Oleh karena itu pemerintah harus memberikan perhatian yang lebih terhadap pengembangan
varietas.
Teknologi juga merupakan hal yang harus selalu dikembangkan oleh pemerintah dan di
sosialisasikan kepada petani. Dengan teknologi yang tinggi maka petani dapat menekan biaya
yang harus dikeluarkan dalam kegiatan berusaha tani. Selama ini biaya yang dikeluarkan oleh
petani dalam membudidayakan suatu komoditi pertanian memerlukan biaya yang cukup
besar.

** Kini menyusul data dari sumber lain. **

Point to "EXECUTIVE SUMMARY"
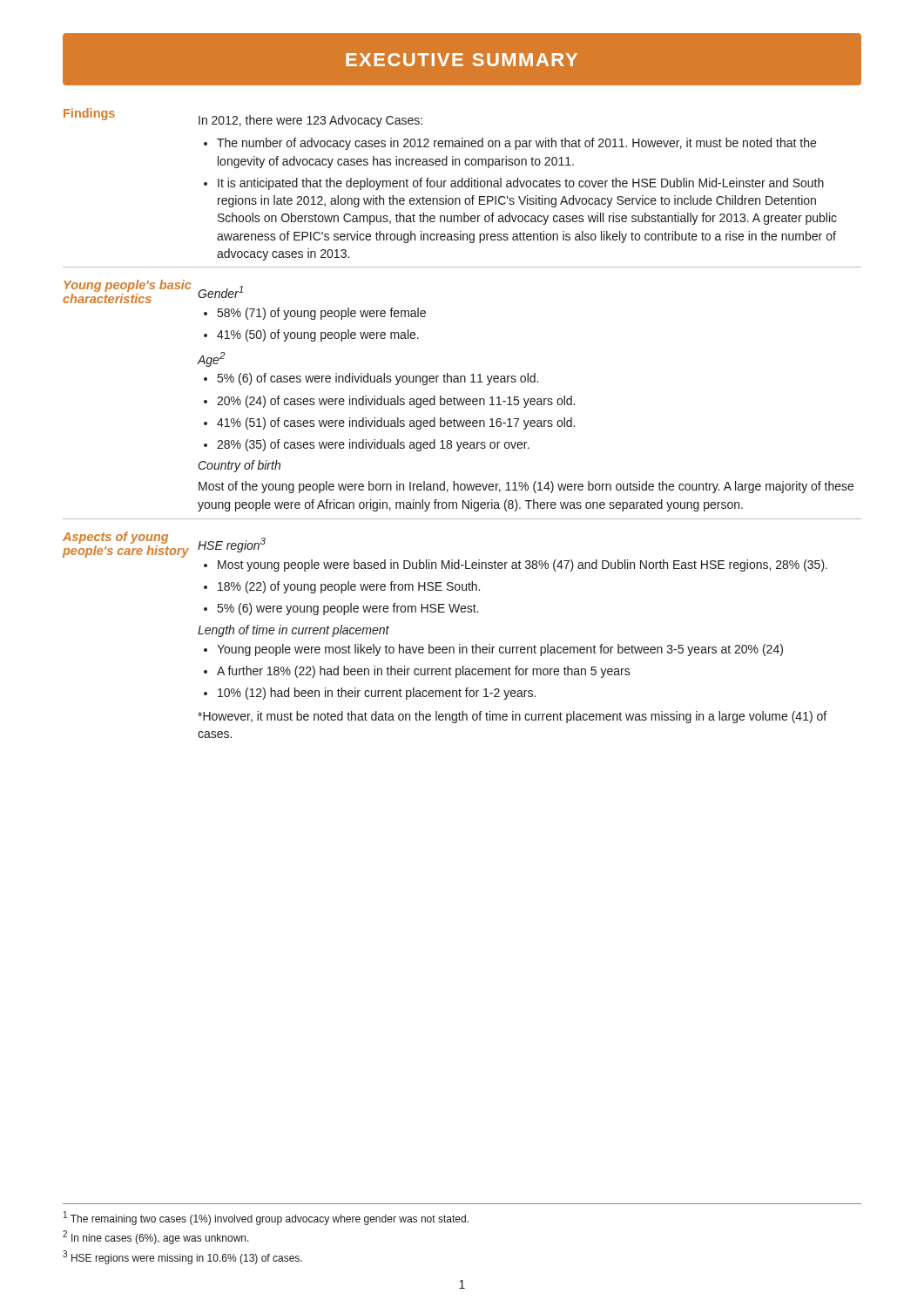924x1307 pixels. [x=462, y=60]
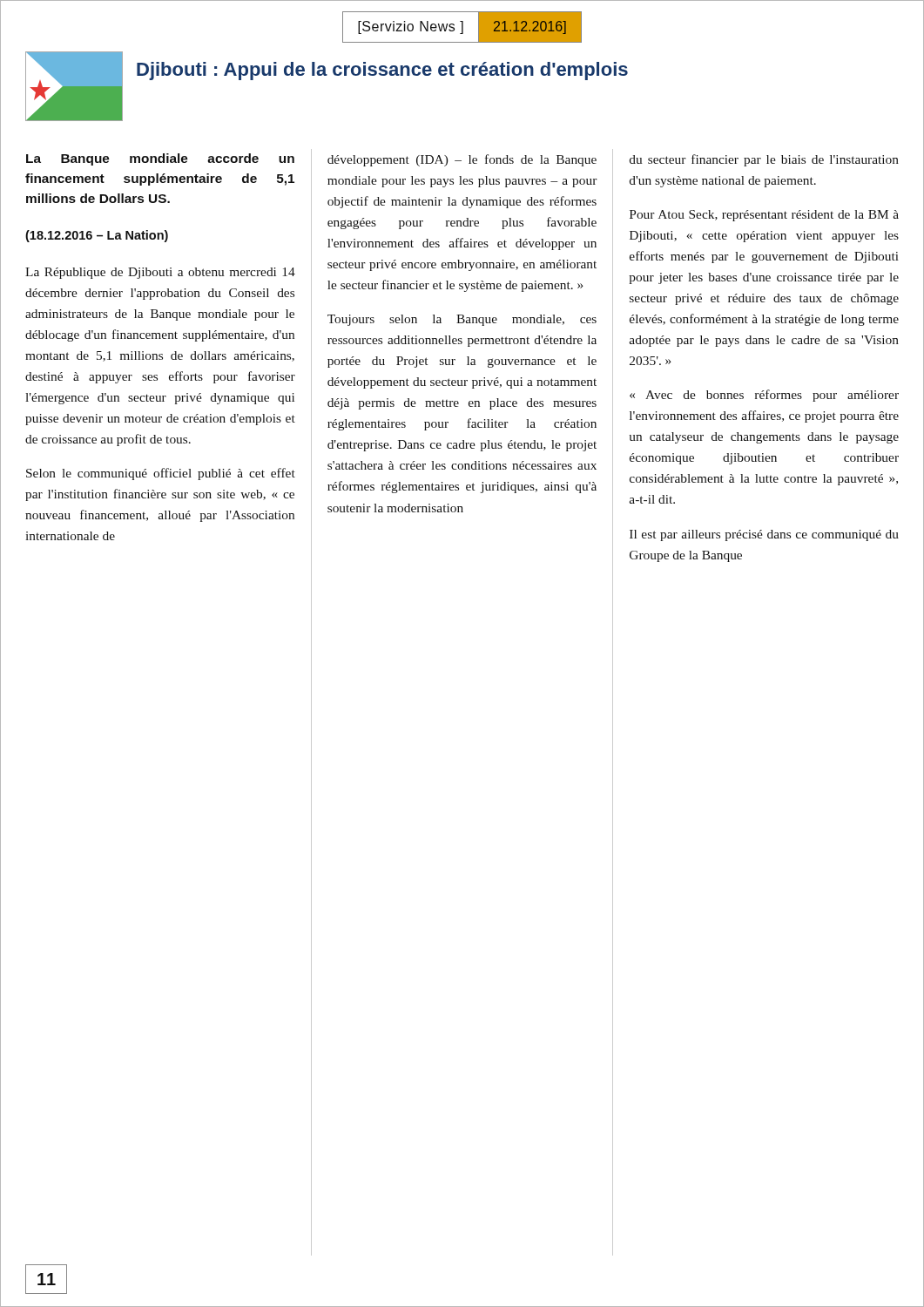Where is the passage that starts "développement (IDA) – le fonds de"?
Image resolution: width=924 pixels, height=1307 pixels.
tap(462, 222)

Seharus pemerintah harus meringankan petani dengan cara memberikan subsidi bagi
petani seperti pemberian subsidi sarana produksi dan pemberian teknologi baik yang
digunakan untuk budidaya maupun teknologi untuk kegiatan pasca panen. Dengan cara diatas
maka harga produk pertanian akan dapat dikendalikan dan Negara mampu menghasilkan
6

produk yang dapat bersaing dengan Negara lain, bahkan Negara mampu melakukan eksport
produk pertanian ke luar negeri. Dengan pendapatan yang tinggi maka kesejateraan
masyarakat Indonesia dapat terwujud atau hidup lebih baik.

BAB 3

KESIMPULAN DAN SARAN

1. Kesimpulan
Berdasarkan tujuan dan hasil pembahasan diatas maka dapat ditarik kesimpulan dalam
makalah ini adalah sebagai berikut:
a. Harga produk-produk pertanian dipasar dalam negeri sering mengalami ketidakstabilan
atau fluktuatif harga. Harga produk sangat tergantung pada jumlah ketersediaan barang
yang tersedia dipasar dan jumlah permintaan akan barang.
b. Factor yang menjadi penyebab dari terjadinya ketidakstabilan harga di pasar domestic
yaitu di akibatkan oleh pola tanam yang belum dilakukan dengan baik. Petani cenderung
menanam suatu komoditi pertanian berdasarkan pada tren atau komoditi yang sedang
memiliki harga tinggi.
Selain pola tanam, kebijakan pemerintah juga menjadi penentu utama dalam menjaga
kestabilan harga komoditi di pasar.
2. Saran
Beberapa saran atau rekomendasi bagi petani dan pemerintah dalam menjaga
kestabilan harga yaitu sebgai berikut:
a. Petani harus mampu untuk mencari informasi pasar mengenai komoditi yang memiliki
jumlah permintaan besar dipasar serta tidak banyak petani yang melakukan usaha atau
membudidayakan komoditi tersebut. Hal ini dilakukan agar tidak terjadi kelebihan jumlah
permintaan produk dipasaran yang dapat menyebabkan harga menjadi jatuh atau kecil.
Dengan informasi pasara yang baik maka petani mampu adalam menentukan pola tanam
yang akan dilakukan oleh petani.
b. Pemerintah sangat diperlukan dalam menjaga kestabilan harga produk pangan dipasaran.
Oleh karena itu pemerintah diharapkan benar-benar mampu membuat kebijakan yang
benar-benar pro atau mendukung rakyat kecil terutama petani. Pemerintah perlu
melakukan observasi dilapangan dan dilakukan secara menyeluruh agar didalam
mengambil keputusan benar-benar sesuai dengan kebutuhan masyarakat.

Daftar Pustaka

Nuraini, Ida. 2006. Pengantar Ekonomi Mikro. Malang: UMM Press.

Ranchman, H. 2005. Metode Analisis Harga Pangan. Jurnal: vol 9 no 4, desember 2005.